- PROBLEM
Check which lines of the entries that follow hold "object", then give the number of those lines and nothing more.
───── DATA LISTING
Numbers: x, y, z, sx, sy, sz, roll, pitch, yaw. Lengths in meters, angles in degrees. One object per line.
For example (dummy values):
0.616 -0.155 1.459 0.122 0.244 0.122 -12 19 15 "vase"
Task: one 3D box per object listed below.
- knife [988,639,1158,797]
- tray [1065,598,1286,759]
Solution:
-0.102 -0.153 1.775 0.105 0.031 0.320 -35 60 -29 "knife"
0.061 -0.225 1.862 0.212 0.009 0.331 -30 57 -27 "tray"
──────────
───── DATA LISTING
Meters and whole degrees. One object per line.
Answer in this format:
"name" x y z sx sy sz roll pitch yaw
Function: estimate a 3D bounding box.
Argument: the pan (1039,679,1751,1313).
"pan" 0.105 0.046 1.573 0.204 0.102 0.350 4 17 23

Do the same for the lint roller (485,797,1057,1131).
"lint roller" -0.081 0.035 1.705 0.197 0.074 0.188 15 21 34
──────────
- SOLUTION TO THE PROBLEM
3